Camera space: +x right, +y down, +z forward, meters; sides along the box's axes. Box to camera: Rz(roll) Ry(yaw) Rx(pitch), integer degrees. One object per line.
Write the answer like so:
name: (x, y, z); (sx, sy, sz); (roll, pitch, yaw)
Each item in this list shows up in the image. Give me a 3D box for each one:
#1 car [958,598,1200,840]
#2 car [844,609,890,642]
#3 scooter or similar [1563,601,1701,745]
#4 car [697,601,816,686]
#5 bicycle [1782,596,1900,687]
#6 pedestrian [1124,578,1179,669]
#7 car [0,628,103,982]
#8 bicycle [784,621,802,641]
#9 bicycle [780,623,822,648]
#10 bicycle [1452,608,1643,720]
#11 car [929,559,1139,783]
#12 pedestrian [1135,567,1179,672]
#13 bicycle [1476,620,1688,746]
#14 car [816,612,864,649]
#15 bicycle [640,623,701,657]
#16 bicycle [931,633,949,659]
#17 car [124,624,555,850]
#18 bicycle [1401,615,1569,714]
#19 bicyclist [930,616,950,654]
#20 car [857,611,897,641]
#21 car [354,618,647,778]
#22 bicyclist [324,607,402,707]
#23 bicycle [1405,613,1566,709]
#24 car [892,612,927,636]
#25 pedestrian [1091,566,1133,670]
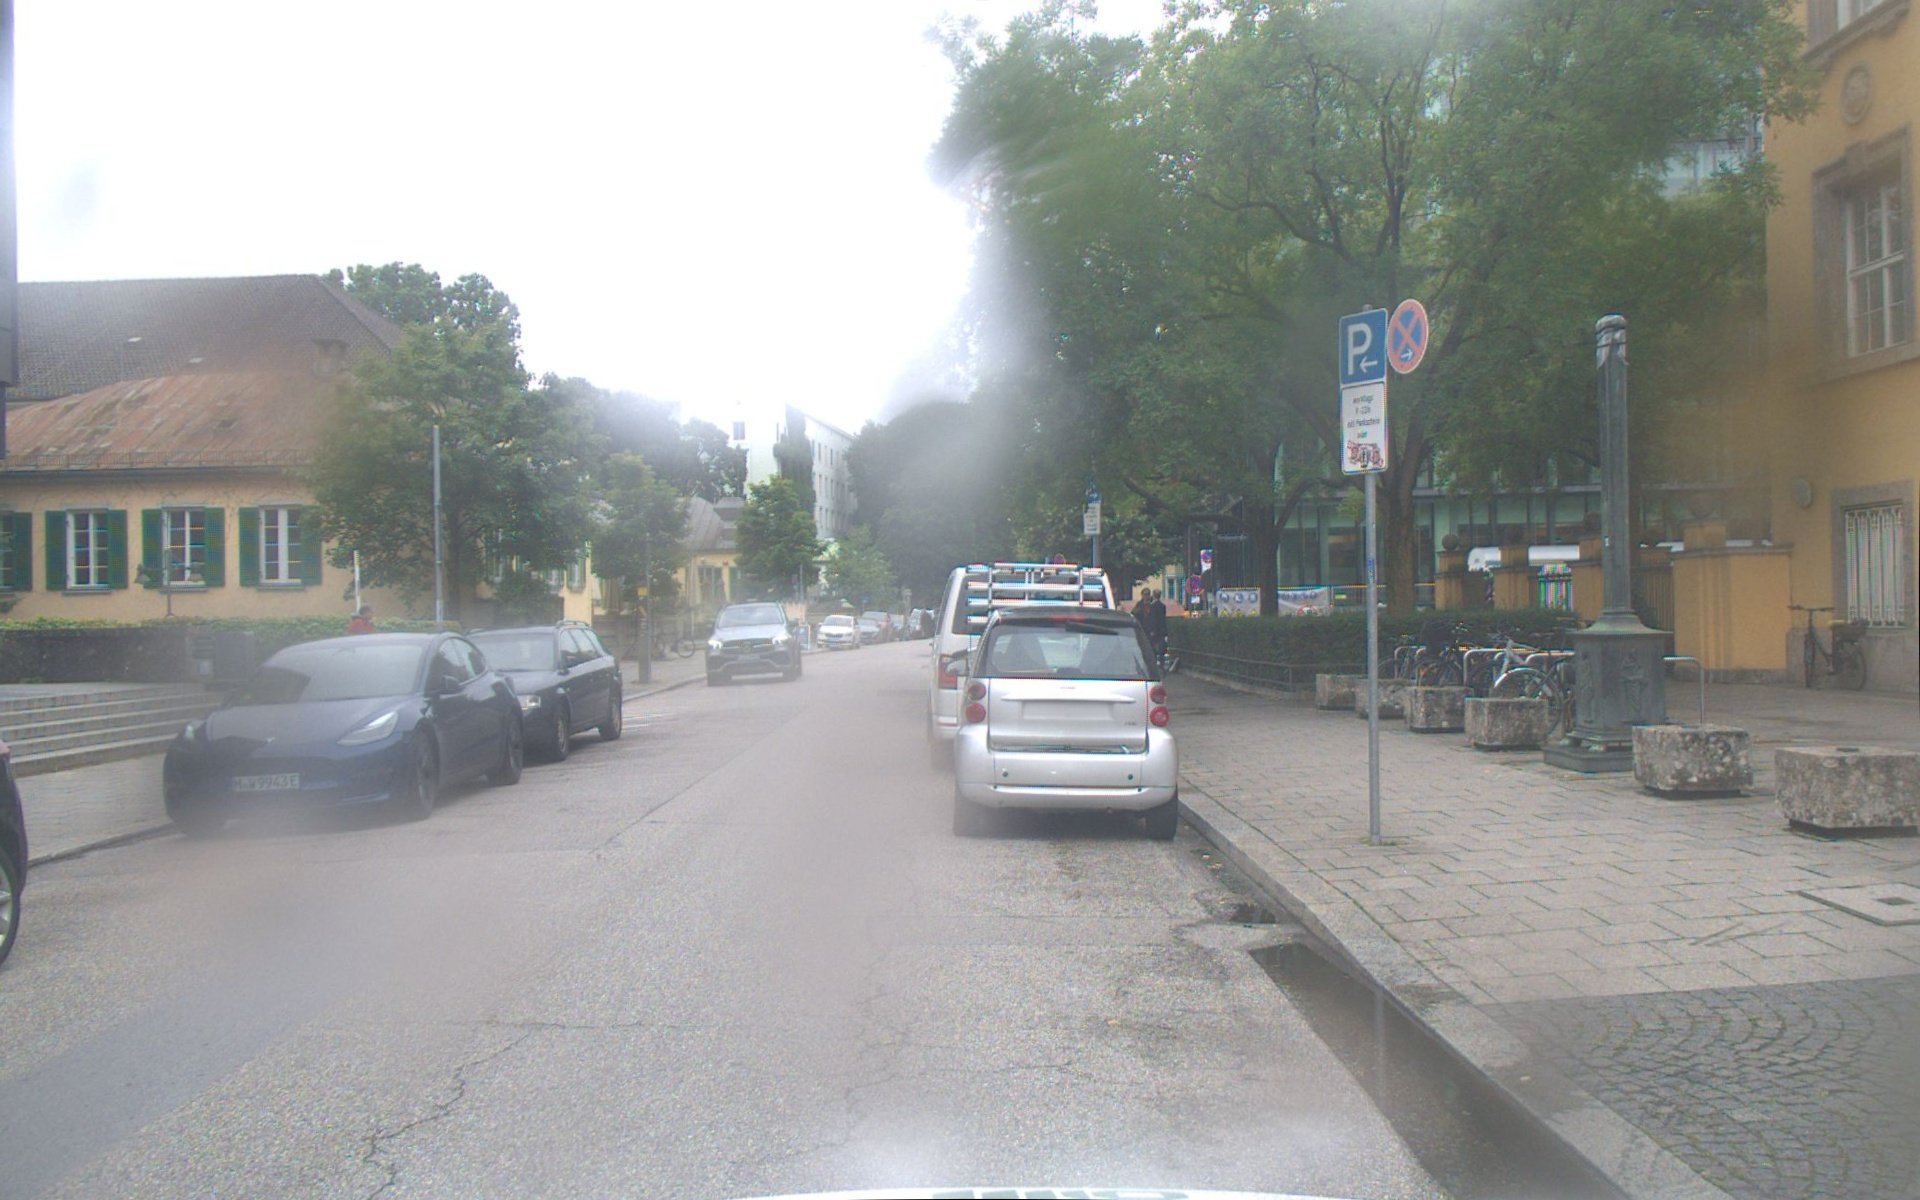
car: (0.785, 0.793, 12.403); (1.573, 1.573, 2.933); (1, 0, 0)
car: (-4.889, 1.318, 87.769); (1.952, 1.677, 4.656); (-1, 0, 2)
scooter or similar: (6.100, 0.654, 15.033); (0.995, 1.243, 0.534); (-3, -1, 45)
car: (-4.515, 0.934, 37.368); (1.983, 1.719, 4.677); (-2, 0, 1)
bicycle: (12.055, 0.539, 22.696); (0.531, 1.174, 1.901); (-2, 0, -2)
pedestrian: (4.212, 0.506, 36.286); (0.729, 1.941, 1.052); (-2, -1, 35)
car: (-4.962, 0.914, 5.687); (1.704, 1.486, 4.237); (-4, 0, 1)
bicycle: (-8.777, 1.648, 86.863); (0.608, 1.022, 1.619); (-1, -2, 5)
bicycle: (-6.789, 1.516, 70.648); (0.610, 1.022, 2.134); (1, 0, 32)
bicycle: (6.483, 0.702, 18.288); (1.892, 1.133, 0.471); (-2, -1, 1)
car: (0.619, 0.656, 17.503); (1.808, 1.967, 5.271); (2, 0, -2)
pedestrian: (4.167, 0.410, 35.075); (0.727, 2.172, 1.055); (-2, -1, -1)
bicycle: (6.127, 0.811, 16.324); (1.893, 1.133, 0.471); (-2, 0, -4)
car: (-5.437, 1.360, 75.174); (1.697, 1.609, 3.788); (2, 0, 3)
bicycle: (-9.747, 1.349, 55.732); (1.890, 1.118, 0.615); (1, -1, 2)
bicycle: (-0.743, 1.731, 62.407); (0.613, 0.972, 1.860); (1, -1, 1)
car: (-4.920, 0.990, 13.985); (1.884, 1.464, 4.915); (-3, -1, -2)
bicycle: (6.523, 0.792, 20.591); (1.892, 1.133, 0.471); (-2, -1, 1)
bicyclist: (-0.739, 1.329, 62.432); (0.690, 1.418, 0.868); (1, -1, 1)
car: (-4.642, 1.488, 92.851); (1.952, 1.631, 4.000); (-1, -1, 1)
car: (-5.129, 1.017, 19.244); (1.953, 1.517, 4.883); (-3, 0, 0)
bicyclist: (-9.353, 0.892, 25.909); (1.078, 1.524, 0.668); (0, -2, -26)
bicycle: (6.779, 0.783, 21.385); (1.892, 1.133, 0.471); (-2, 0, 1)
car: (-3.369, 1.586, 110.712); (1.952, 1.512, 4.002); (-1, 0, 4)
pedestrian: (3.242, 0.381, 35.336); (0.727, 2.172, 1.055); (-2, -1, -1)

# TASK TO COMPLETE:
Please output exactly the lines between the one holding "#3 scooter or similar [1563,601,1701,745]" and the one holding "#24 car [892,612,927,636]" in the records above, inclusive, and nothing more.

# WRITTEN RESPONSE:
#3 scooter or similar [1563,601,1701,745]
#4 car [697,601,816,686]
#5 bicycle [1782,596,1900,687]
#6 pedestrian [1124,578,1179,669]
#7 car [0,628,103,982]
#8 bicycle [784,621,802,641]
#9 bicycle [780,623,822,648]
#10 bicycle [1452,608,1643,720]
#11 car [929,559,1139,783]
#12 pedestrian [1135,567,1179,672]
#13 bicycle [1476,620,1688,746]
#14 car [816,612,864,649]
#15 bicycle [640,623,701,657]
#16 bicycle [931,633,949,659]
#17 car [124,624,555,850]
#18 bicycle [1401,615,1569,714]
#19 bicyclist [930,616,950,654]
#20 car [857,611,897,641]
#21 car [354,618,647,778]
#22 bicyclist [324,607,402,707]
#23 bicycle [1405,613,1566,709]
#24 car [892,612,927,636]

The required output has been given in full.